(Beginning of Dataset records)

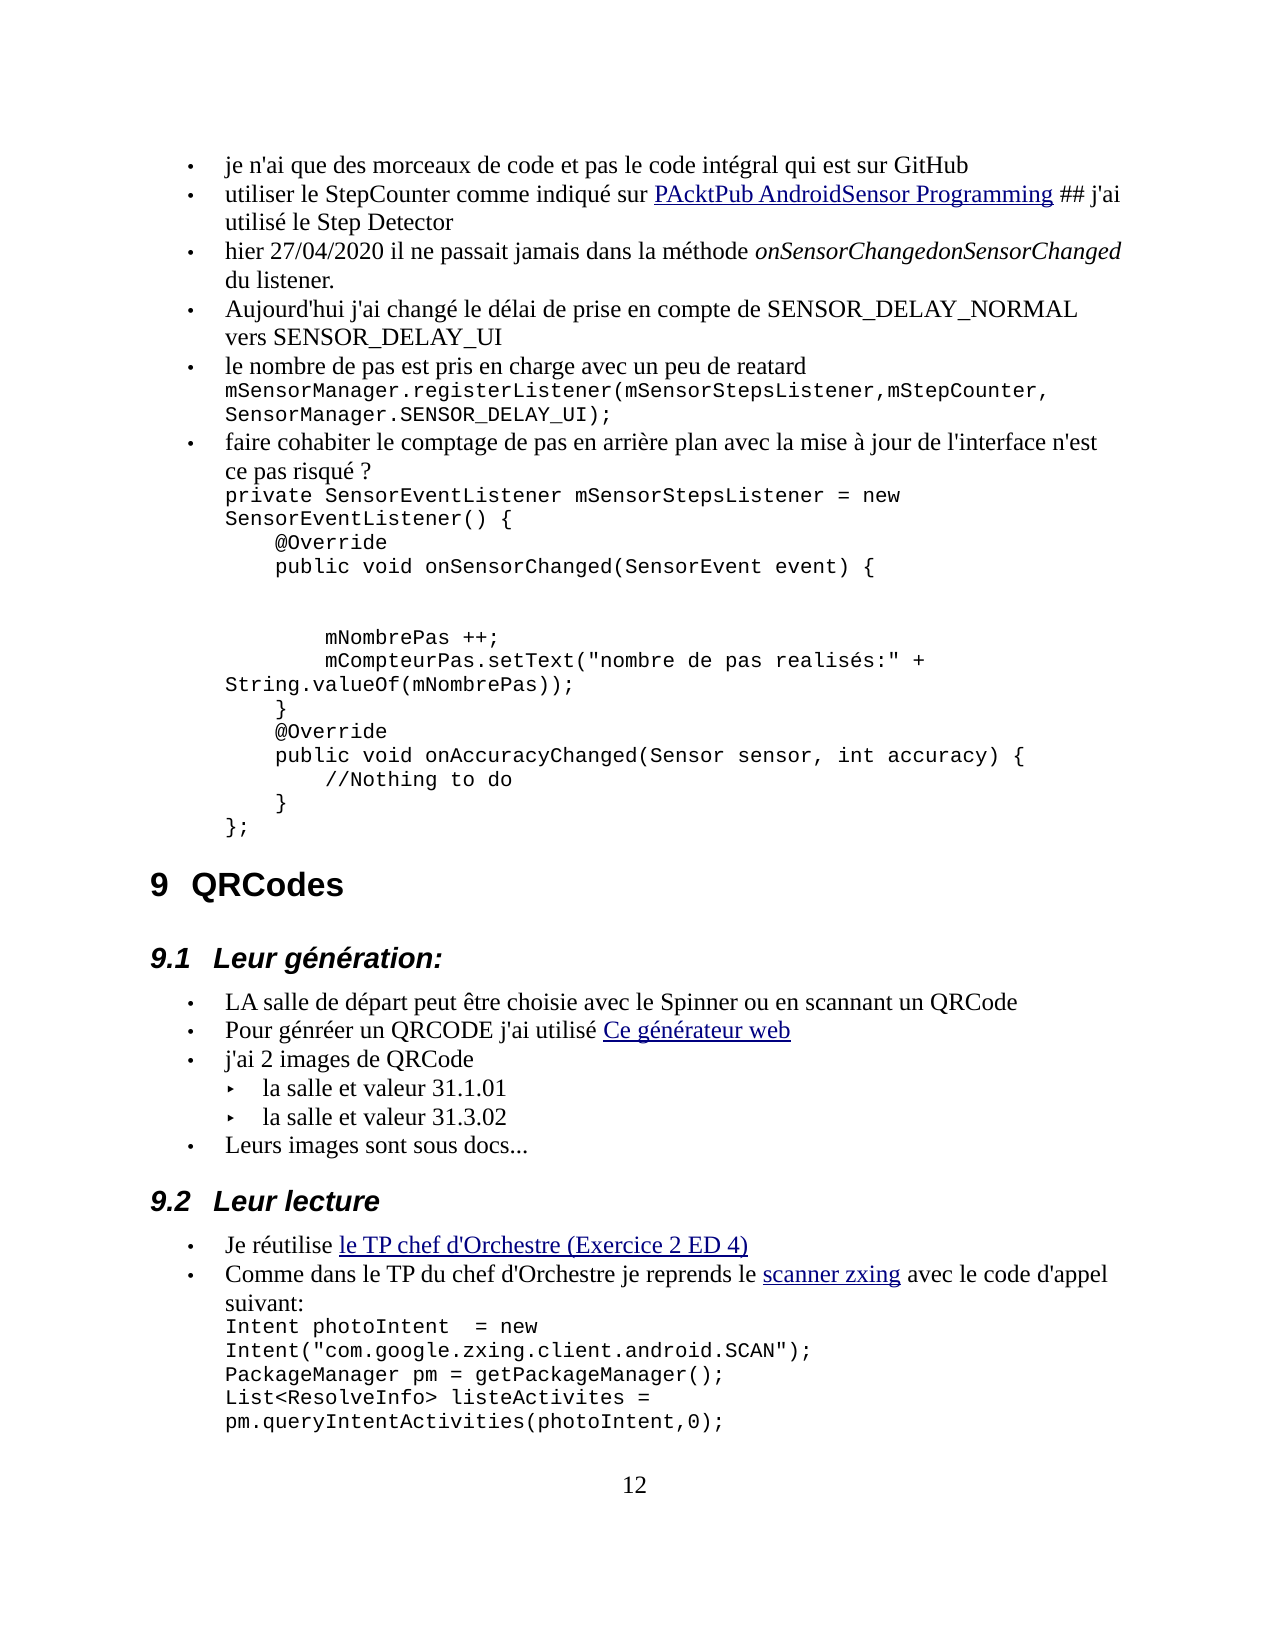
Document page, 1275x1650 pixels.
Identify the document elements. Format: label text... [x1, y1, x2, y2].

list utiliser le StepCounter comme indiqué sur PAcktPub AndroidSensor Programming ## j'ai utilisé le Step Detector [187, 179, 1125, 236]
list LA salle de départ peut être choisie avec le Spinner ou en scannant un QRCode [187, 987, 1125, 1015]
list mNombrePas ++; [187, 627, 1125, 650]
list la salle et valeur 31.1.01 [225, 1073, 1125, 1102]
list Comme dans le TP du chef d'Orchestre je reprends le scanner zxing avec le code d'appel suivant: [187, 1259, 1125, 1316]
list } [187, 792, 1125, 816]
list }; [187, 816, 1125, 839]
list public void onAccuracyChanged(Sensor sensor, int accuracy) { [187, 745, 1125, 768]
list Je réutilise le TP chef d'Orchestre (Exercice 2 ED 4) [187, 1230, 1125, 1259]
list mSensorManager.registerListener(mSensorStepsListener,mStepCounter, SensorManager.SENSOR_DELAY_UI); [187, 380, 1125, 427]
list List<ResolveInfo> listeActivites = pm.queryIntentActivities(photoIntent,0); [187, 1387, 1125, 1435]
subtitle Leur génération: [150, 941, 1125, 974]
list faire cohabiter le comptage de pas en arrière plan avec la mise à jour de l'interface n'est ce pas risqué ? [187, 427, 1125, 485]
list public void onSensorChanged(SensorEvent event) { [187, 556, 1125, 579]
list private SensorEventListener mSensorStepsListener = new SensorEventListener() { [187, 485, 1125, 532]
list //Nothing to do [187, 768, 1125, 792]
list j'ai 2 images de QRCode [187, 1044, 1125, 1073]
list @Override [187, 721, 1125, 745]
list } [187, 698, 1125, 721]
list le nombre de pas est pris en charge avec un peu de reatard [187, 351, 1125, 380]
list Aujourd'hui j'ai changé le délai de prise en compte de SENSOR_DELAY_NORMAL vers SENSOR_DELAY_UI [187, 294, 1125, 351]
list PackageManager pm = getPackageManager(); [187, 1364, 1125, 1387]
list je n'ai que des morceaux de code et pas le code intégral qui est sur GitHub [187, 150, 1125, 179]
subtitle QRCodes [150, 864, 1125, 903]
subtitle Leur lecture [150, 1184, 1125, 1218]
list Intent photoIntent = new Intent("com.google.zxing.client.android.SCAN"); [187, 1316, 1125, 1364]
list @Override [187, 532, 1125, 556]
list Leurs images sont sous docs... [187, 1130, 1125, 1159]
list mCompteurPas.setText("nombre de pas realisés:" + String.valueOf(mNombrePas)); [187, 650, 1125, 698]
list la salle et valeur 31.3.02 [225, 1102, 1125, 1130]
list hier 27/04/2020 il ne passait jamais dans la méthode onSensorChangedonSensorChanged du listener. [187, 236, 1125, 294]
list Pour génréer un QRCODE j'ai utilisé Ce générateur web [187, 1015, 1125, 1044]
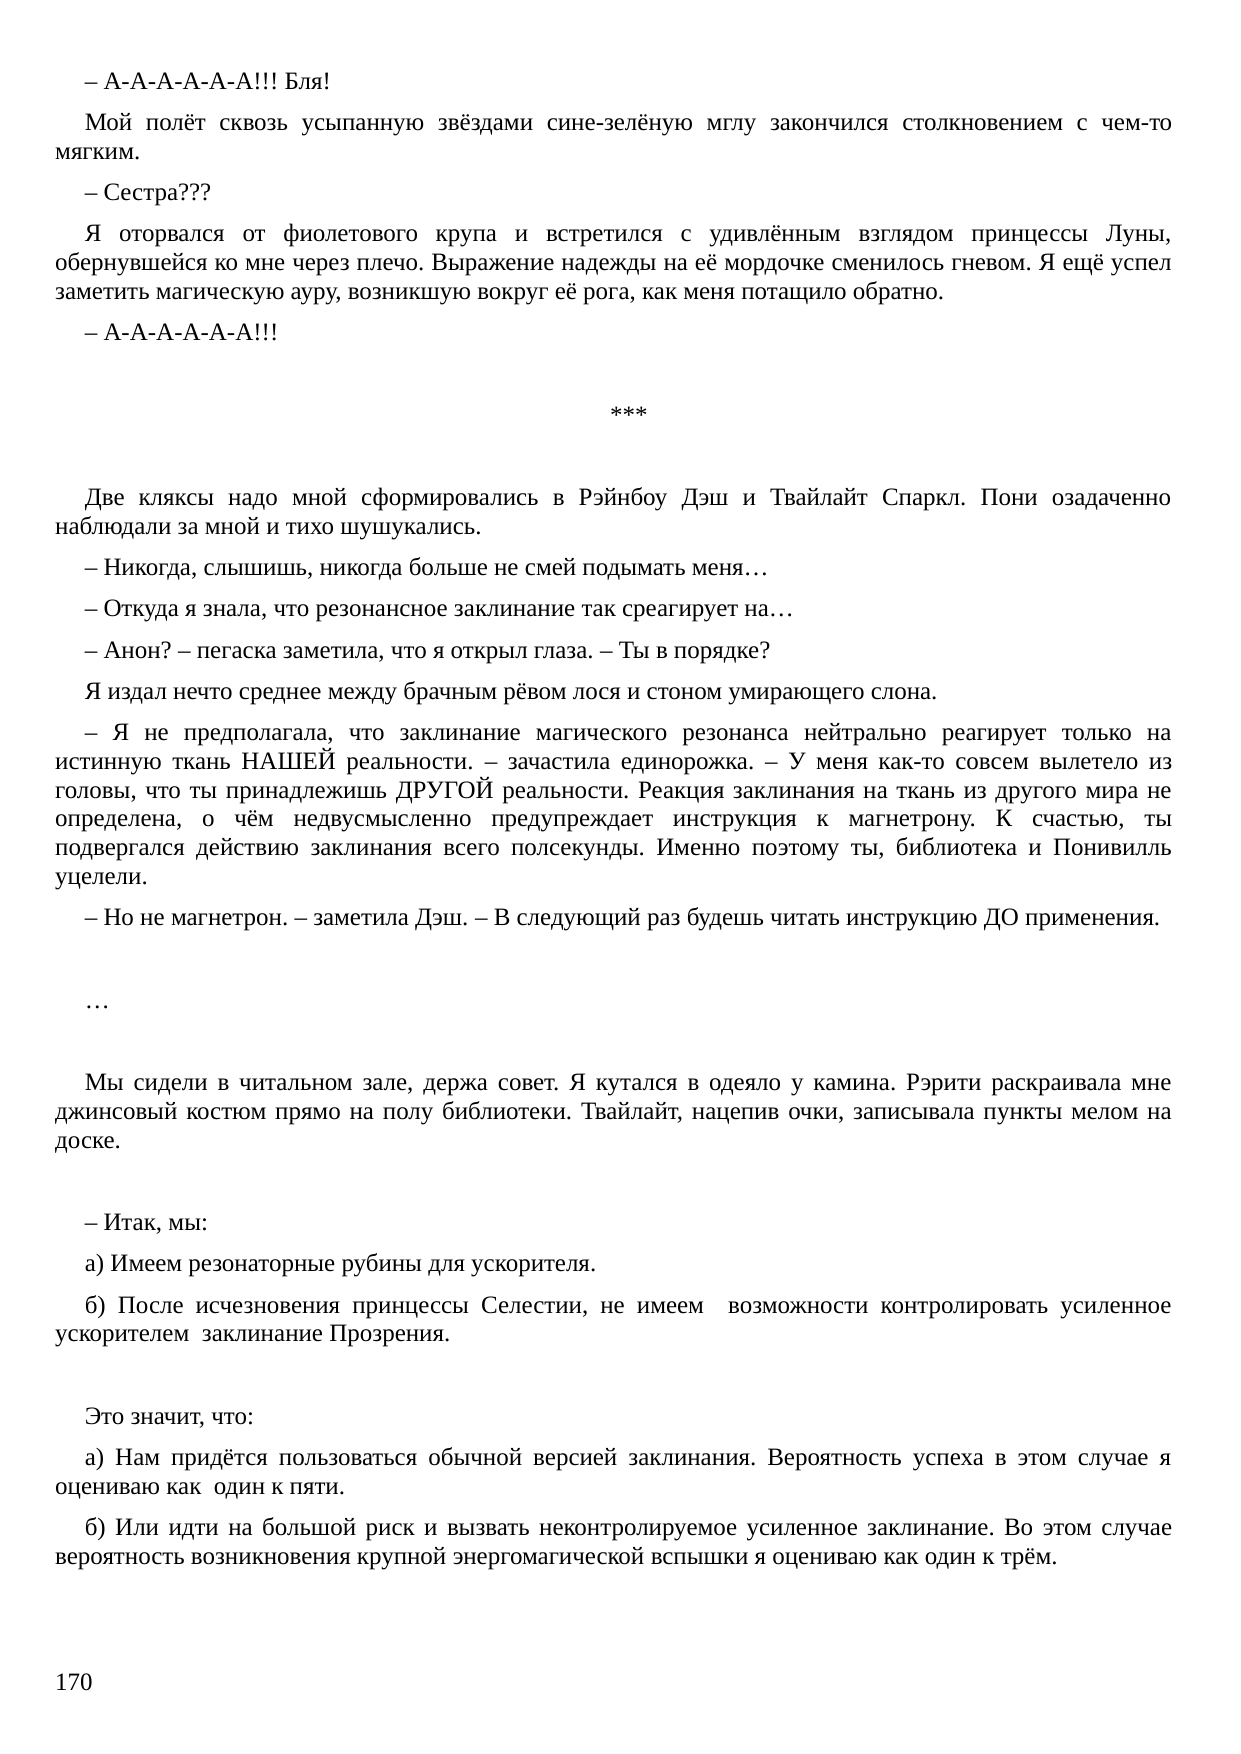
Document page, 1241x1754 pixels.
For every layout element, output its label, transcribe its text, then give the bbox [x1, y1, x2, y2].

text а) Имеем резонаторные рубины для ускорителя. [55, 1248, 1173, 1277]
text б) После исчезновения принцессы Селестии, не имеем возможности контролировать усиленное ускорителем заклинание Прозрения. [55, 1290, 1173, 1347]
text б) Или идти на большой риск и вызвать неконтролируемое усиленное заклинание. Во этом случае вероятность возникновения крупной энергомагической вспышки я оцениваю как один к трём. [55, 1512, 1173, 1570]
text Мы сидели в читальном зале, держа совет. Я кутался в одеяло у камина. Рэрити раскраивала мне джинсовый костюм прямо на полу библиотеки. Твайлайт, нацепив очки, записывала пункты мелом на доске. [55, 1067, 1173, 1153]
text Я издал нечто среднее между брачным рёвом лося и стоном умирающего слона. [55, 676, 1173, 705]
text – Анон? – пегаска заметила, что я открыл глаза. – Ты в порядке? [55, 635, 1173, 663]
text – Итак, мы: [55, 1207, 1173, 1236]
text – Сестра??? [55, 177, 1173, 206]
text – Откуда я знала, что резонансное заклинание так среагирует на… [55, 593, 1173, 622]
text … [55, 985, 1173, 1013]
text – А-А-А-А-А-А!!! [55, 317, 1173, 346]
text – А-А-А-А-А-А!!! Бля! [55, 66, 1173, 95]
text Две кляксы надо мной сформировались в Рэйнбоу Дэш и Твайлайт Спаркл. Пони озадаченно наблюдали за мной и тихо шушукались. [55, 482, 1173, 540]
text а) Нам придётся пользоваться обычной версией заклинания. Вероятность успеха в этом случае я оцениваю как один к пяти. [55, 1442, 1173, 1500]
text Я оторвался от фиолетового крупа и встретился с удивлённым взглядом принцессы Луны, обернувшейся ко мне через плечо. Выражение надежды на её мордочке сменилось гневом. Я ещё успел заметить магическую ауру, возникшую вокруг её рога, как меня потащило обратно. [55, 218, 1173, 305]
text – Но не магнетрон. – заметила Дэш. – В следующий раз будешь читать инструкцию ДО применения. [55, 902, 1173, 931]
text Мой полёт сквозь усыпанную звёздами сине-зелёную мглу закончился столкновением с чем-то мягким. [55, 107, 1173, 165]
text – Никогда, слышишь, никогда больше не смей подымать меня… [55, 552, 1173, 581]
text *** [55, 400, 1173, 428]
text – Я не предполагала, что заклинание магического резонанса нейтрально реагирует только на истинную ткань НАШЕЙ реальности. – зачастила единорожка. – У меня как-то совсем вылетело из головы, что ты принадлежишь ДРУГОЙ реальности. Реакция заклинания на ткань из другого мира не определена, о чём недвусмысленно предупреждает инструкция к магнетрону. К счастью, ты подвергался действию заклинания всего полсекунды. Именно поэтому ты, библиотека и Понивилль уцелели. [55, 717, 1173, 890]
text Это значит, что: [55, 1401, 1173, 1430]
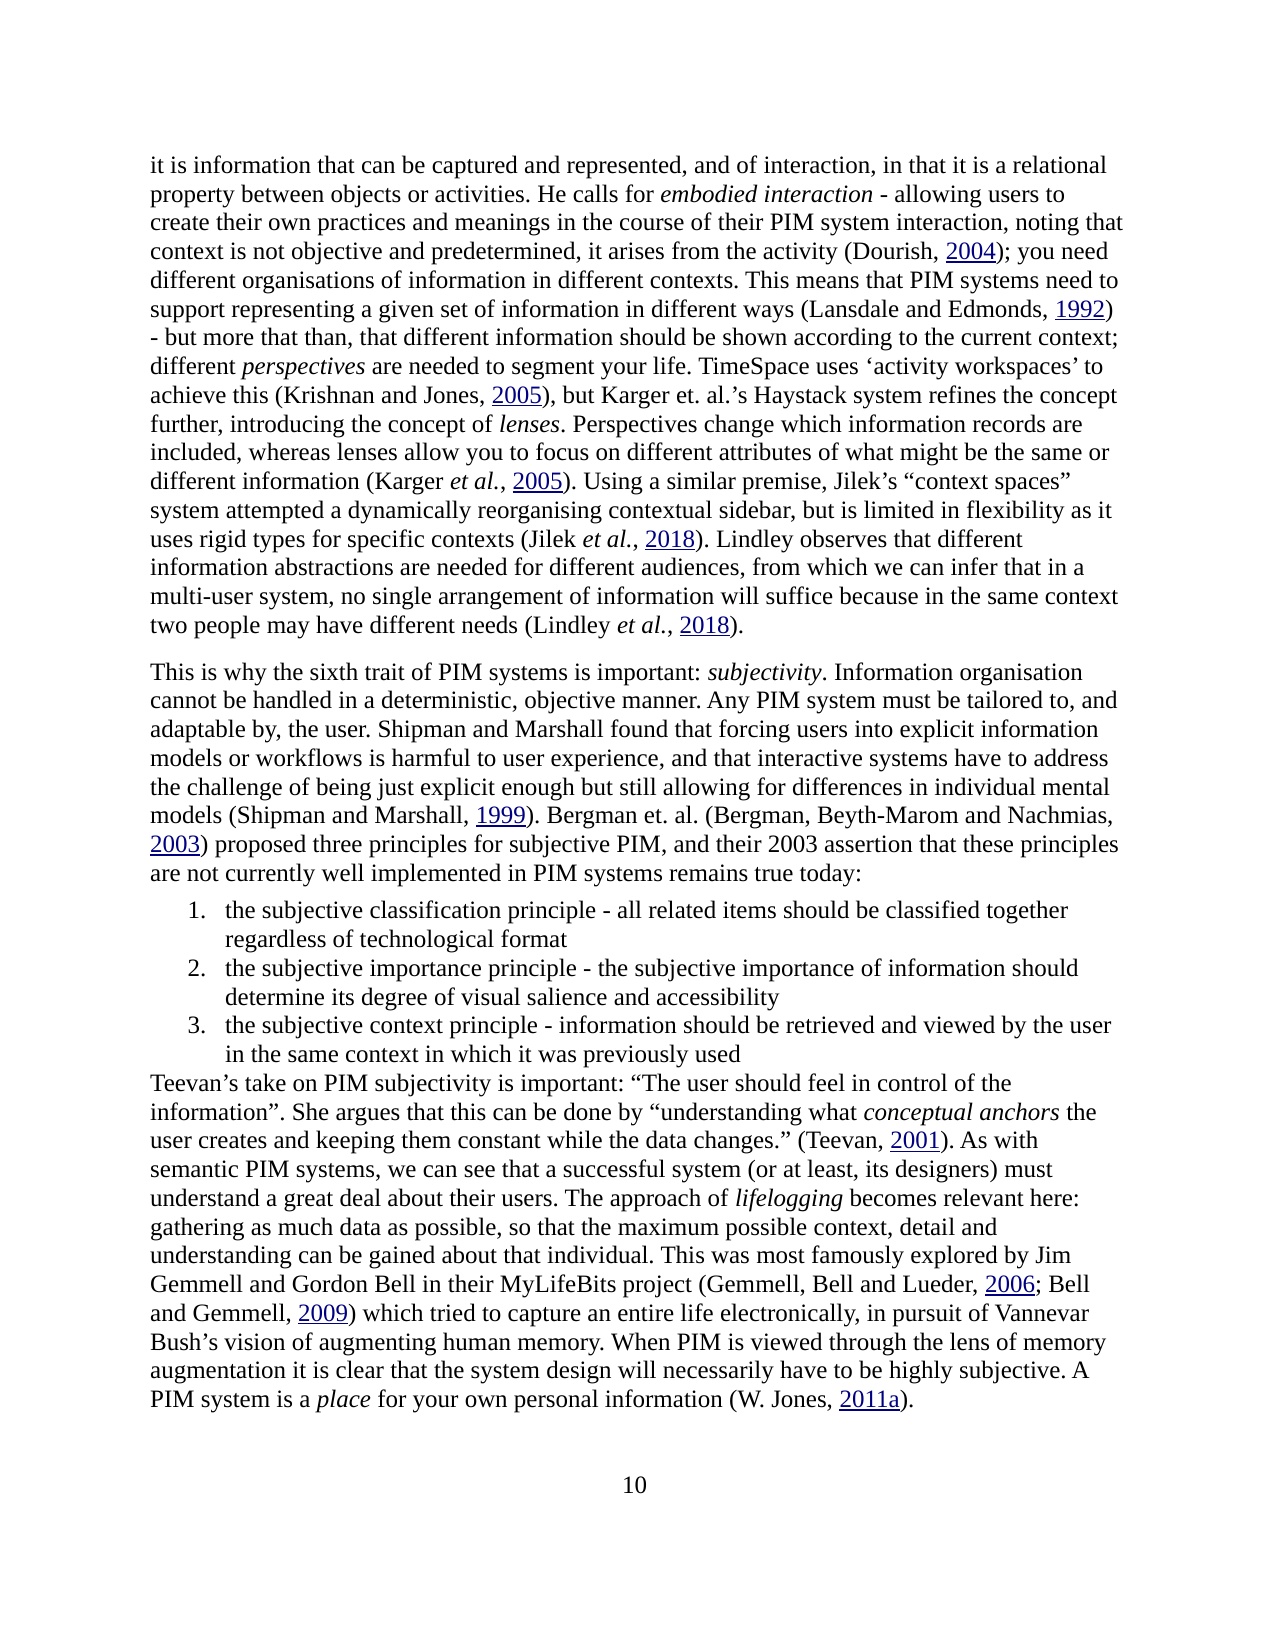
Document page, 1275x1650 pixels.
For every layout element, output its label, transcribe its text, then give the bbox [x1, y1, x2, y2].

list the subjective context principle - information should be retrieved and viewed by the user in the same context in which it was previously used [187, 1011, 1125, 1068]
text Teevan’s take on PIM subjectivity is important: “The user should feel in control of the information”. She argues that this can be done by “understanding what conceptual anchors the user creates and keeping them constant while the data changes.” (Teevan, 2001). As with semantic PIM systems, we can see that a successful system (or at least, its designers) must understand a great deal about their users. The approach of lifelogging becomes relevant here: gathering as much data as possible, so that the maximum possible context, detail and understanding can be gained about that individual. This was most famously explored by Jim Gemmell and Gordon Bell in their MyLifeBits project (Gemmell, Bell and Lueder, 2006; Bell and Gemmell, 2009) which tried to capture an entire life electronically, in pursuit of Vannevar Bush’s vision of augmenting human memory. When PIM is viewed through the lens of memory augmentation it is clear that the system design will necessarily have to be highly subjective. A PIM system is a place for your own personal information (W. Jones, 2011a). [150, 1068, 1125, 1413]
text This is why the sixth trait of PIM systems is important: subjectivity. Information organisation cannot be handled in a deterministic, objective manner. Any PIM system must be tailored to, and adaptable by, the user. Shipman and Marshall found that forcing users into explicit information models or workflows is harmful to user experience, and that interactive systems have to address the challenge of being just explicit enough but still allowing for differences in individual mental models (Shipman and Marshall, 1999). Bergman et. al. (Bergman, Beyth-Marom and Nachmias, 2003) proposed three principles for subjective PIM, and their 2003 assertion that these principles are not currently well implemented in PIM systems remains true today: [150, 657, 1125, 887]
text it is information that can be captured and represented, and of interaction, in that it is a relational property between objects or activities. He calls for embodied interaction - allowing users to create their own practices and meanings in the course of their PIM system interaction, noting that context is not objective and predetermined, it arises from the activity (Dourish, 2004); you need different organisations of information in different contexts. This means that PIM systems need to support representing a given set of information in different ways (Lansdale and Edmonds, 1992) - but more that than, that different information should be shown according to the current context; different perspectives are needed to segment your life. TimeSpace uses ‘activity workspaces’ to achieve this (Krishnan and Jones, 2005), but Karger et. al.’s Haystack system refines the concept further, introducing the concept of lenses. Perspectives change which information records are included, whereas lenses allow you to focus on different attributes of what might be the same or different information (Karger et al., 2005). Using a similar premise, Jilek’s “context spaces” system attempted a dynamically reorganising contextual sidebar, but is limited in flexibility as it uses rigid types for specific contexts (Jilek et al., 2018). Lindley observes that different information abstractions are needed for different audiences, from which we can infer that in a multi-user system, no single arrangement of information will suffice because in the same context two people may have different needs (Lindley et al., 2018). [150, 150, 1125, 639]
list the subjective classification principle - all related items should be classified together regardless of technological format [187, 896, 1125, 953]
list the subjective importance principle - the subjective importance of information should determine its degree of visual salience and accessibility [187, 953, 1125, 1011]

(End of Dataset records)

> Action item: Write out nothing but the lines from the start of the data through the line with "list la salle et valeur 31.1.01". Leave out the pictures.

> Solution:
Document page, 1275x1650 pixels.
Identify the document elements. Format: label text... [x1, y1, x2, y2].

list utiliser le StepCounter comme indiqué sur PAcktPub AndroidSensor Programming ## j'ai utilisé le Step Detector [187, 179, 1125, 236]
list LA salle de départ peut être choisie avec le Spinner ou en scannant un QRCode [187, 987, 1125, 1015]
list mNombrePas ++; [187, 627, 1125, 650]
list la salle et valeur 31.1.01 [225, 1073, 1125, 1102]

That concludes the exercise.